Meet Adam Burkhart, a patient with familial dilated cardiomyopathy.

Adam says that his story truly began in 1968 when his aunt died at the age of 13. That was the start of his family’s reckoning with familial dilated cardiomyopathy. Everyone born in their family until 1988 was tested for gene variants that can cause DCM. As a result, his two sisters tested positive for the TPM1 variants, as did 12 of his cousins.

Adam himself was born in 1982 and experienced normal adolescent years until an indoor soccer game in 1999. He described being unable to run or perform. His mother was a nurse and knew it was time to go to the ER; he was experiencing congestive heart failure. At just 17 years old he said hearing about his heart failure was the scariest news but he eventually came to realize that, all things considered, he had it pretty good. His family was caring and he received excellent care. His senior year of high school was delayed a year but still, Adam recognized that his life faced relatively few disruptions.

After treatment for CHF, on March 12th, 2000 he began a seven-month stint in the hospital while he waited for a transplant. After one dry run, he finally received a new heart on September 14th. He went home just a few days later on September 21st, a day after his 18th birthday. There was some pain and numerous appointments for a year after the transplant but his life carried on.

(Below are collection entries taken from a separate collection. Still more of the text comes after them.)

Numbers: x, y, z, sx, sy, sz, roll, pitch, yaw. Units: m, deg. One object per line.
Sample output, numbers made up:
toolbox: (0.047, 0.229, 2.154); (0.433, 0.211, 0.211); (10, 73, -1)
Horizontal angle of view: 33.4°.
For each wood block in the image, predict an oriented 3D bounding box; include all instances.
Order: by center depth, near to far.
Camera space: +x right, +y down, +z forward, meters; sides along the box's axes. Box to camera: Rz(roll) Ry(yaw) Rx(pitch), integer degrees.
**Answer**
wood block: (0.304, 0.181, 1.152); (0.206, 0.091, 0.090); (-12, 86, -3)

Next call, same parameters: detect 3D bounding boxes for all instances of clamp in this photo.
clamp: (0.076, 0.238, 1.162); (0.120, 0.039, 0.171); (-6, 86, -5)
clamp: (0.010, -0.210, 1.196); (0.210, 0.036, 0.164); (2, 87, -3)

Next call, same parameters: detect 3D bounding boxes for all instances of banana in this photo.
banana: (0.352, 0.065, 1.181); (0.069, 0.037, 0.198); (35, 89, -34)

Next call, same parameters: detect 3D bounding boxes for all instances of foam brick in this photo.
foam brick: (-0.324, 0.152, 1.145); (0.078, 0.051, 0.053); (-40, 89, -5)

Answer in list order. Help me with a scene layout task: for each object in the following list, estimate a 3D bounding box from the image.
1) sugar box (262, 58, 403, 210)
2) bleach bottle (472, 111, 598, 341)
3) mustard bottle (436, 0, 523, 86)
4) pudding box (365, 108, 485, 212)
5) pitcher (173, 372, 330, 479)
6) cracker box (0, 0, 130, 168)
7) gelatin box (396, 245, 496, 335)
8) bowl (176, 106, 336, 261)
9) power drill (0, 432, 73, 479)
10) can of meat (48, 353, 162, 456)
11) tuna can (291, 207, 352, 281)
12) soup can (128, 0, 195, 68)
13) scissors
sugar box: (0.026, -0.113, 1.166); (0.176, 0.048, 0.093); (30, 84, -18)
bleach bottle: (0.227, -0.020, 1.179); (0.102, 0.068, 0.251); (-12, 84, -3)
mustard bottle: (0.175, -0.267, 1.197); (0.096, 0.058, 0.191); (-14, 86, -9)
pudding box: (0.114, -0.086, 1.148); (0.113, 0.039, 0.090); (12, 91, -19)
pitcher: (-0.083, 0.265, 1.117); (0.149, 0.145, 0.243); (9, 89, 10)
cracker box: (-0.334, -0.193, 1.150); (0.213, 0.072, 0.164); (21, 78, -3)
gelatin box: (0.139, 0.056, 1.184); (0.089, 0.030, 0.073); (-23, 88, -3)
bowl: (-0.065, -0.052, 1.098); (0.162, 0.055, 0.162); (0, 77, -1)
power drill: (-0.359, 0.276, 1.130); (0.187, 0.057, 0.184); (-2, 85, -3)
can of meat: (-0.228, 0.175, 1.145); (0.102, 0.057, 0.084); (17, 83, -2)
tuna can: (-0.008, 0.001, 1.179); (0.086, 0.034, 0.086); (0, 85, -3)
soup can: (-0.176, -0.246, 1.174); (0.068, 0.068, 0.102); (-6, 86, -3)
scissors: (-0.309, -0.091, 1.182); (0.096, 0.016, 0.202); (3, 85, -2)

Now 38 and feeling as healthy as ever, Adam lives a pretty normal life. He is married and is the father of four children. Recognizing his family history, all of his children have been tested for gene variants that were detected in his eldest daughter and youngest son. He follows his doctor’s recommendations as precisely as he can to ensure his children receive all the preventive care they need. Sadly, his youngest daughter died at four months old. It was a low point in a journey that has had ups and downs but serves as a reminder that each day is precious.

When asked what he wanted to share with someone in a similar situation he said,

“We still have to live. As hard as it is, life does go on.”

Adam also wanted to reiterate that organ donation is the most selfless thing you can do. It’s given him an additional 21 years of life (so far) to share with his family.